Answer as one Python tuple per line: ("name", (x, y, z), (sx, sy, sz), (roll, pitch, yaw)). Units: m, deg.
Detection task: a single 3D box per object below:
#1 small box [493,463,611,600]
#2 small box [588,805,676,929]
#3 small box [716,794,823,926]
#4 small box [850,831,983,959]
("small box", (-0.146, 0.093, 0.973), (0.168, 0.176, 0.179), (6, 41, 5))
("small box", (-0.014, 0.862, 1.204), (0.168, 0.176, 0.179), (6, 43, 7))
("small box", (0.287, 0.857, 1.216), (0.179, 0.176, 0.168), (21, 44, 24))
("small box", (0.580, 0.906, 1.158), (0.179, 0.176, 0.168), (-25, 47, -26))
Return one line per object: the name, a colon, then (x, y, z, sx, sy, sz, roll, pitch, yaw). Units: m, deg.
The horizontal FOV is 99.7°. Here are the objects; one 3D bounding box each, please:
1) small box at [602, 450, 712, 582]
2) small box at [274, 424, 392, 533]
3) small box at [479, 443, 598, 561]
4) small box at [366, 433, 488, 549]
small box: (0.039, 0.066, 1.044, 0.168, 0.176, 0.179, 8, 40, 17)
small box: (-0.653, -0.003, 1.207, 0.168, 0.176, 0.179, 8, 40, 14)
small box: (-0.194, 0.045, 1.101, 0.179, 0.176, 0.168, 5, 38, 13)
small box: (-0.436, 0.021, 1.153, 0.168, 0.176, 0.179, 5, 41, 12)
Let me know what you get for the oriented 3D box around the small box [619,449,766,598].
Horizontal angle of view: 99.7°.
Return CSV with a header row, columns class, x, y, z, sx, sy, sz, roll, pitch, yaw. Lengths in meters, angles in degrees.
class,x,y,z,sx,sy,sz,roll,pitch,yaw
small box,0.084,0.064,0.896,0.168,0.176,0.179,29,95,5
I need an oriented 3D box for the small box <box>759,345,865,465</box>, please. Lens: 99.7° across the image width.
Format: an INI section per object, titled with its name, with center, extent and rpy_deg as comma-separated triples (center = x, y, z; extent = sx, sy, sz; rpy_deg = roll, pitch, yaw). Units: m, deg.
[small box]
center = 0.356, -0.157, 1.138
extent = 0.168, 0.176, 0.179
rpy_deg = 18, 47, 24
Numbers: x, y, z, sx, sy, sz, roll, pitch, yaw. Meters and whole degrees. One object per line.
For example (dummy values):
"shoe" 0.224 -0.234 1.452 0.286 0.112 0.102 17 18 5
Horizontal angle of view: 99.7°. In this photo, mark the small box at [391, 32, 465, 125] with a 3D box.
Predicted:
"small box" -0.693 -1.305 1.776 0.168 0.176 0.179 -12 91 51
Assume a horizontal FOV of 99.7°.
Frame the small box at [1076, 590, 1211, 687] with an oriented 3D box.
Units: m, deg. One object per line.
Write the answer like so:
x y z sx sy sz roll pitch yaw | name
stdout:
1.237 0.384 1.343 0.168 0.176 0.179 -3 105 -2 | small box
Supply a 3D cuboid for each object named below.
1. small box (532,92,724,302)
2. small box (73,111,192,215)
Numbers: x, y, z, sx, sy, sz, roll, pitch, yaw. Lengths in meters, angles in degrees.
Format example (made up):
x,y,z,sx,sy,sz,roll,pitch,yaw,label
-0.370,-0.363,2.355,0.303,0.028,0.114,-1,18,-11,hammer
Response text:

## ACTION ITEM
Copy the data once more. Leave nothing out.

## REPLY TO THE TASK
Answer as one Python tuple per line: ("name", (x, y, z), (sx, sy, sz), (roll, pitch, yaw)). Units: m, deg.
Detection task: a single 3D box per object below:
#1 small box [493,463,611,600]
#2 small box [588,805,676,929]
#3 small box [716,794,823,926]
#4 small box [850,831,983,959]
("small box", (-0.146, 0.093, 0.973), (0.168, 0.176, 0.179), (6, 41, 5))
("small box", (-0.014, 0.862, 1.204), (0.168, 0.176, 0.179), (6, 43, 7))
("small box", (0.287, 0.857, 1.216), (0.179, 0.176, 0.168), (21, 44, 24))
("small box", (0.580, 0.906, 1.158), (0.179, 0.176, 0.168), (-25, 47, -26))
Return one line per object: the name, a colon, then (x, y, z, sx, sy, sz, roll, pitch, yaw). Units: m, deg.
The horizontal FOV is 99.7°. Here are the objects; one 3D bounding box each, please:
1) small box at [602, 450, 712, 582]
2) small box at [274, 424, 392, 533]
3) small box at [479, 443, 598, 561]
4) small box at [366, 433, 488, 549]
small box: (0.039, 0.066, 1.044, 0.168, 0.176, 0.179, 8, 40, 17)
small box: (-0.653, -0.003, 1.207, 0.168, 0.176, 0.179, 8, 40, 14)
small box: (-0.194, 0.045, 1.101, 0.179, 0.176, 0.168, 5, 38, 13)
small box: (-0.436, 0.021, 1.153, 0.168, 0.176, 0.179, 5, 41, 12)
Let me know what you get for the oriented 3D box around the small box [619,449,766,598].
Horizontal angle of view: 99.7°.
Return CSV with a header row, columns class, x, y, z, sx, sy, sz, roll, pitch, yaw. Lengths in meters, angles in degrees.
class,x,y,z,sx,sy,sz,roll,pitch,yaw
small box,0.084,0.064,0.896,0.168,0.176,0.179,29,95,5
I need an oriented 3D box for the small box <box>759,345,865,465</box>, please. Lens: 99.7° across the image width.
Format: an INI section per object, titled with its name, with center, extent and rpy_deg as comma-separated triples (center = x, y, z; extent = sx, sy, sz; rpy_deg = roll, pitch, yaw). Units: m, deg.
[small box]
center = 0.356, -0.157, 1.138
extent = 0.168, 0.176, 0.179
rpy_deg = 18, 47, 24
Numbers: x, y, z, sx, sy, sz, roll, pitch, yaw. Meters and whole degrees. One object per line.
For example (dummy values):
"shoe" 0.224 -0.234 1.452 0.286 0.112 0.102 17 18 5
Horizontal angle of view: 99.7°. In this photo, mark the small box at [391, 32, 465, 125] with a 3D box.
Predicted:
"small box" -0.693 -1.305 1.776 0.168 0.176 0.179 -12 91 51
Assume a horizontal FOV of 99.7°.
Frame the small box at [1076, 590, 1211, 687] with an oriented 3D box.
Units: m, deg. One object per line.
Write the answer like so:
x y z sx sy sz roll pitch yaw | name
stdout:
1.237 0.384 1.343 0.168 0.176 0.179 -3 105 -2 | small box
Supply a 3D cuboid for each object named below.
1. small box (532,92,724,302)
2. small box (73,111,192,215)
Numbers: x, y, z, sx, sy, sz, roll, pitch, yaw. Lengths in meters, angles in degrees.
Format example (made up):
x,y,z,sx,sy,sz,roll,pitch,yaw,label
-0.370,-0.363,2.355,0.303,0.028,0.114,-1,18,-11,hammer
Response text:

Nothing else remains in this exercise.